Enigma

Havia apenas uma luz, branca, incidindo de cima para baixa sobre a mulher vestida de preto. Por cima do suéter de gola alta, ela usava um casaco marrom com pelos nas bordas e tinha os cabelos tão compridos que, mesmo cacheados, tocavam sua cintura. As paredes escuras, a mesa de mármore frio e a dificuldade em ver o rosto das duas mulheres sentadas à sua frente lembravam a seriedade daquele momento – os métodos, porém, não seriam tão sérios assim.
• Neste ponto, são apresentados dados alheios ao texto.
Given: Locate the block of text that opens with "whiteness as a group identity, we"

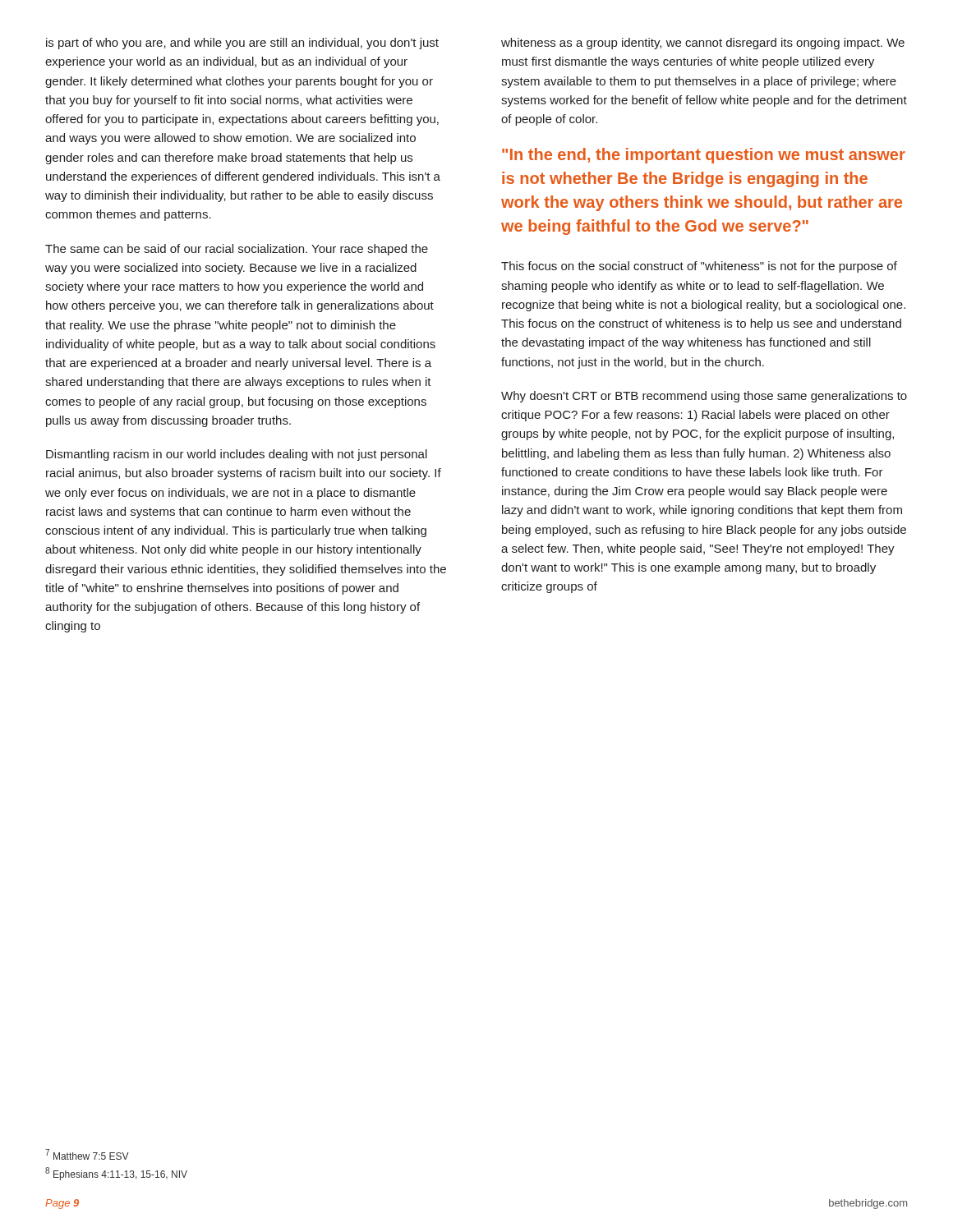Looking at the screenshot, I should (705, 81).

É que acima de seu nariz, bem no início da testa, havia um post-it verde colado contendo uma informação muito importante. Porque ela amava aquela brincadeira, escolheu o “Quem Sou Eu” como oportunidade para descobrir a identidade do amor de sua vida: o nome estava ali, bem perto de seus olhos, mas ainda assim inacessível a ela. Morena teria a chance de fazer três perguntas – três perguntas assertivas, que seriam respondidas com sim ou não. Mas diferente da brincadeira original, não podia se dar ao luxo de “chutar e acertar” o nome – o combinado era que não lhe confirmariam ou negariam nome nenhum, para não atrapalhar o destino tanto assim, apressar ou até prolongar a história das coisas.

Morena se lembrou de todas as mulheres bem-sucedidas que haviam passado por ali e todas as que, ainda com as perguntas, erraram o tiro. Ela não seria uma das que erram, não mais uma vez. A peculiaridade de lhe deixarem passar por ali de novo lhe dava a responsabilidade do acerto e provocava preces silenciosas de misericórdia: errar, de novo, não! r

Da última vez, fez perguntas demais sobre si – agora faria questões objetivas sobre o outro. Tudo bem, começou:

- É uma pessoa residente, neste momento, neste país? – indagou, bastante séria, desconsiderando a expressão de surpresa das duas mulheres experientes à sua frente. Ambas já haviam ouvido perguntas de todo tipo, mas a generalidade daquele caso soou surpreendente.

- Não. – responderam as duas, enquanto contemplavam seu semblante descansar e um certo ar de “ah, poxa!” surgir misturado à sensação de certo alívio. Ninguém que ela já conhecia, então.

- Essa pessoa pretende voltar nos próximos anos... Um ou dois anos? – indagou, esperando ouvir um sim. Restava uma última pergunta. Algumas mulheres talentosas, sortudas e perspicazes apenas ali já tinham conseguido uma resposta – ou uma boa chance dela.

- Sim. – responderam ambas, enquanto uma não conseguia disfarçar o sorriso. Uma pista?

Depois de um suspiro de alívio e trinta segundo de reflexão, Morena disparou a última pergunta:

- Quando nós nos conhecermos, ele demonstrará interesse imediato?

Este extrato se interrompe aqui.